I Almost Built This on Postgres. Here's Why I Didn't.
In October 2025, when I started scaling the VNX Glass Box Governance system across four AI agent terminals, I did what every engineer does: I reached for a database. PostgreSQL specifically. It's what I know. It's what the industry uses. It has ACID guarantees, concurrent writers, proper backup tooling—everything you're supposed to want.
Then at 2 AM, running dispatch #847, something broke silently in the audit trail. A transaction rolled back. The query that should have recorded the failure never executed. I didn't find out until 36 hours later when I was debugging why a cost anomaly report showed $0 spent on that entire dispatch batch.
That's when I realized: the audit trail for multi-agent AI systems isn't a database problem. It's a flight recorder problem.
Flight recorders on aircraft don't need ACID transactions. They don't need concurrent writers or foreign key constraints. They need one thing: when the system is falling apart, the record must be saved. Atomically. Appended. Never rolled back.
I switched to NDJSON that week. Over the next 1,625 dispatches, I've never lost a record.
The Problem: Why Databases Fail for Governance
When you're orchestrating four AI agent terminals—each running 3-6 concurrent tasks, each task spawning subtasks, each subtask generating actions—you're generating audit events faster than you might think. Completion receipts. Failure receipts. Quality advisories. Cost allocations. State mutations.
A traditional database approach looks reasonable:
CREATE TABLE dispatch_receipts (
id uuid PRIMARY KEY,
dispatch_id uuid NOT NULL,
terminal_id varchar NOT NULL,
action varchar NOT NULL,
timestamp timestamptz NOT NULL,
data jsonb NOT NULL,
created_at timestamptz DEFAULT NOW()
);
CREATE INDEX idx_dispatch_terminal ON dispatch_receipts(dispatch_id, terminal_id);This works fine at 10 dispatches per day. It works at 100. But at 2,472 dispatches—some completing in seconds, others running for hours, all generating multiple receipt events—you hit problems:
- Write contention: Four terminals writing to the same table simultaneously causes lock timeouts.

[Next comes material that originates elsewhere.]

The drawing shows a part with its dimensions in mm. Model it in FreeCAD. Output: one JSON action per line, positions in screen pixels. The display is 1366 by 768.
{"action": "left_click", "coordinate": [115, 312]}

- Transaction overhead: Every receipt becomes a prepared statement + transaction commit. That's 50ms per event. Multiply by 20+ events per dispatch. You're suddenly waiting on I/O.

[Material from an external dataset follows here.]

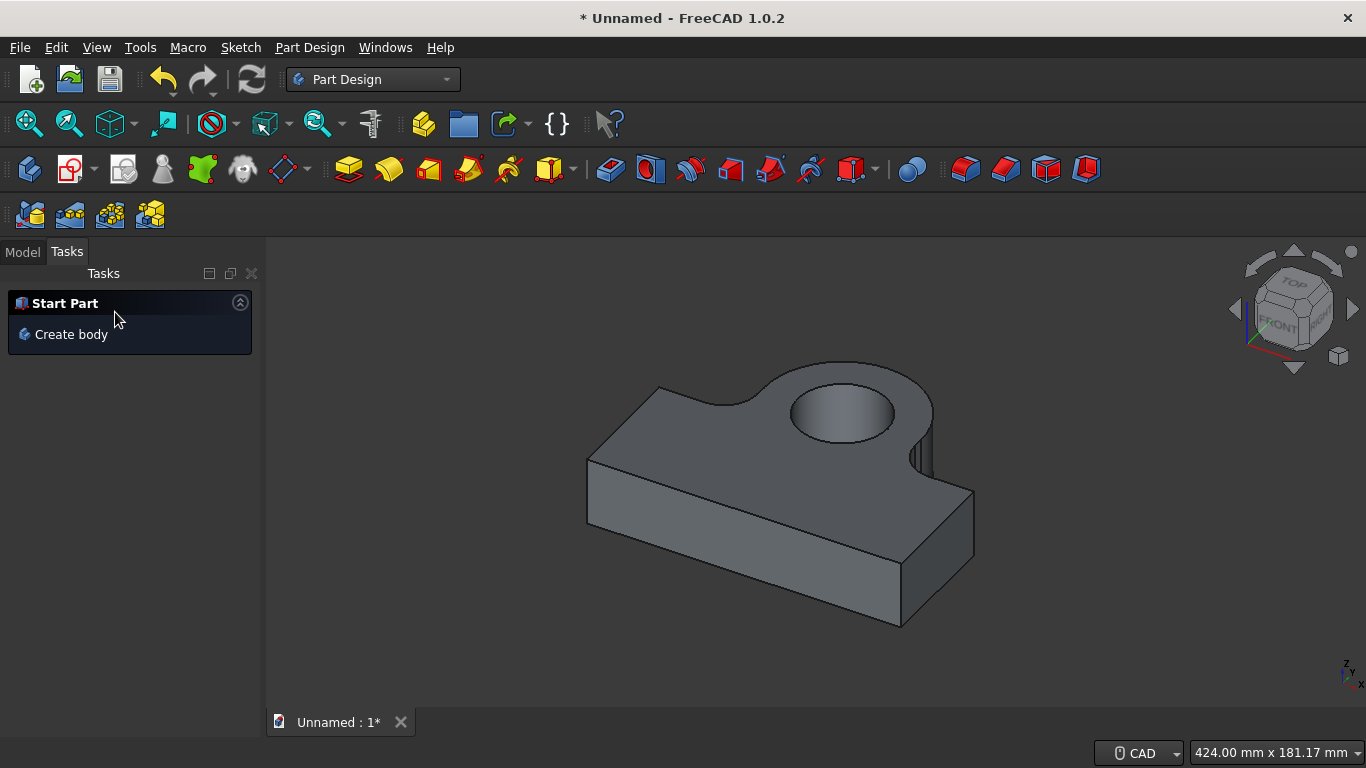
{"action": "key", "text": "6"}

- Silent failures: A transaction fails, rolls back, and your application doesn't know the audit event disappeared. You discover it later when reconciling.

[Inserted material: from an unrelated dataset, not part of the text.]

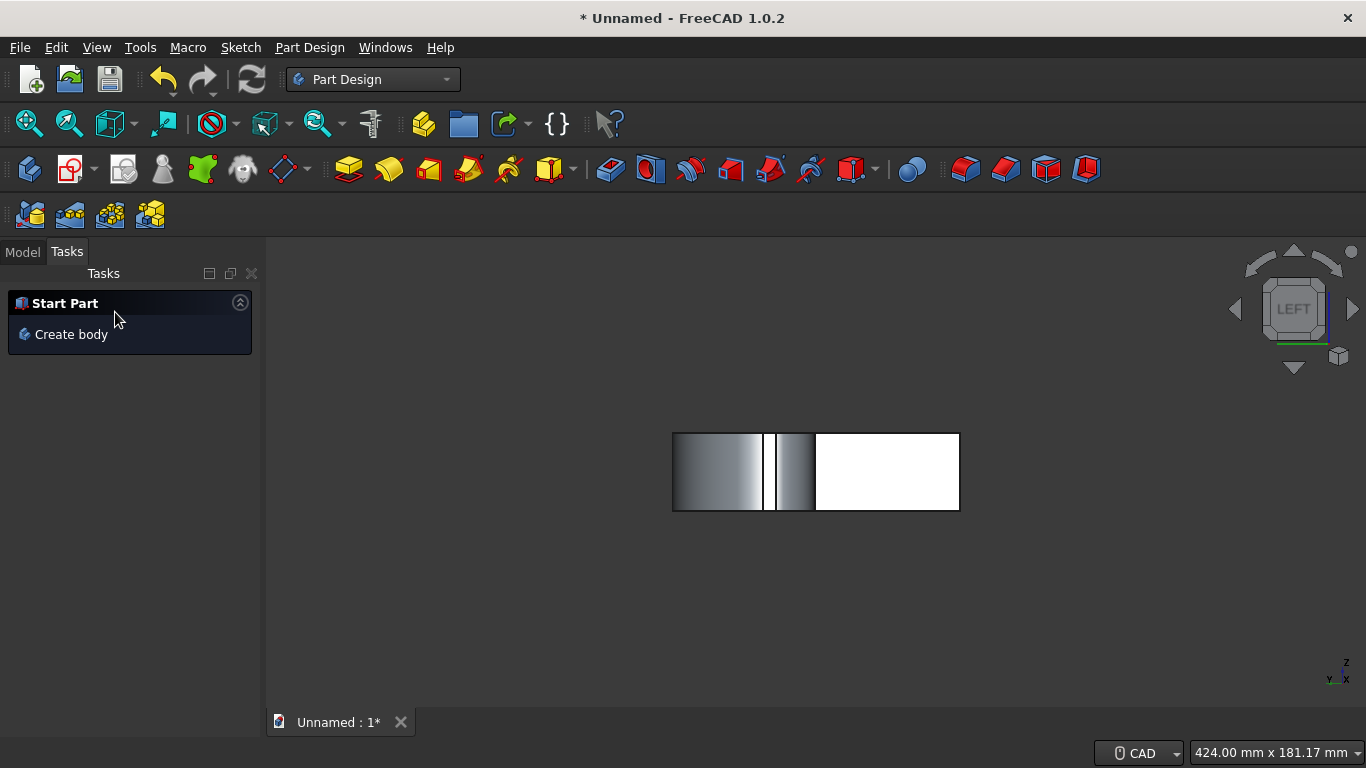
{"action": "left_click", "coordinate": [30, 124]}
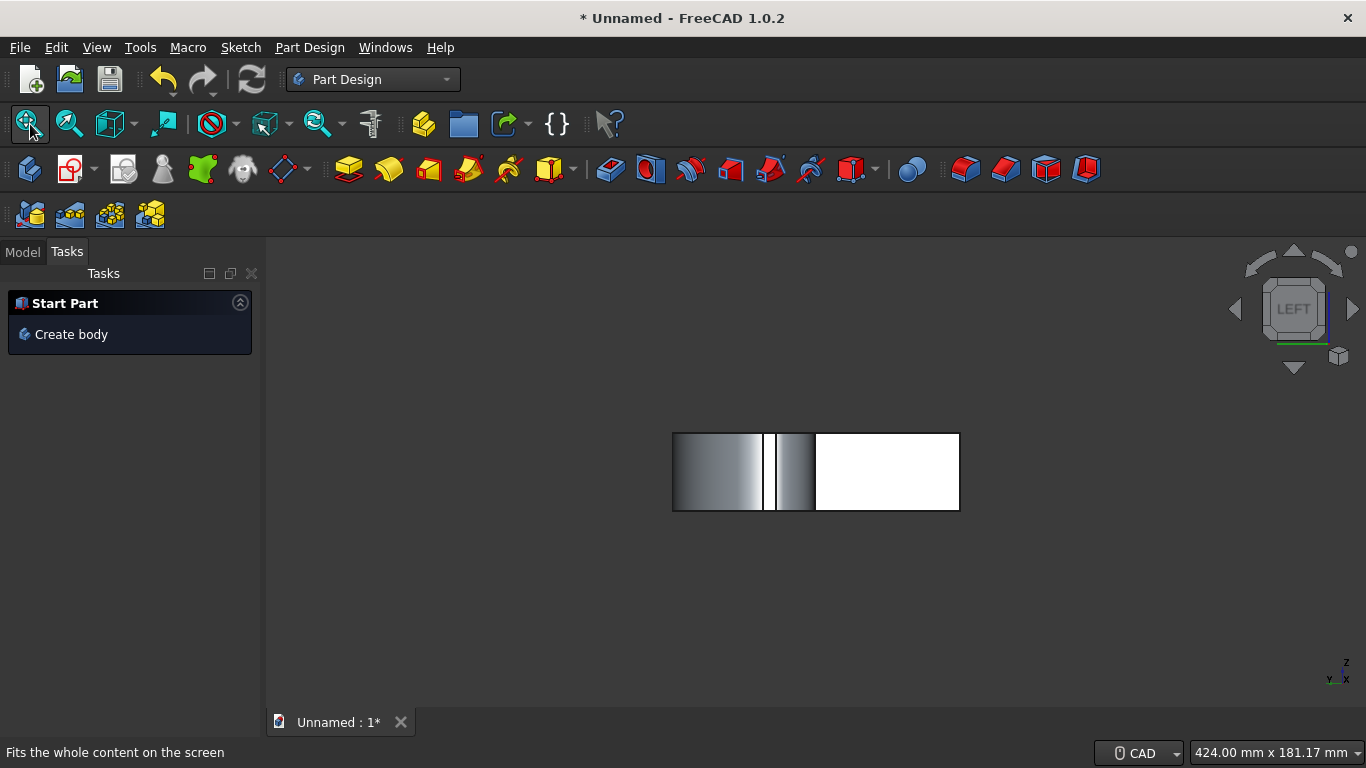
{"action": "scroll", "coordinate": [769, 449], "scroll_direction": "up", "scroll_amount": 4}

- Restoration complexity: If the database goes down mid-dispatch, which state is truth? The database state before the crash? The running dispatch that thinks it completed? The receipts that were only partially written?
PostgreSQL is powerful for many things. It's terrible for immutable append-only logs, especially in distributed systems where you need guarantees that the record will survive, always, even when your system is failing.
Why NDJSON Specifically
NDJSON stands for "Newline Delimited JSON"—and yes, it's as simple as it sounds. One valid JSON object per line, separated by newlines. Each line is independently parseable.
{"dispatch_id":"d-001","terminal":"T0","action":"dispatch_created","timestamp":"2026-02-27T09:15:32Z"}
{"dispatch_id":"d-001","terminal":"T0","action":"track_assigned","timestamp":"2026-02-27T09:15:33Z"}
{"dispatch_id":"d-001","terminal":"T1","action":"task_started","timestamp":"2026-02-27T09:15:35Z"}Why did I choose this over other formats? Five reasons:
1. Crash-Resilient Partial Writes
In NDJSON, if your write process crashes halfway through an event, only the incomplete line is corrupted. The previous 847 events are perfectly valid.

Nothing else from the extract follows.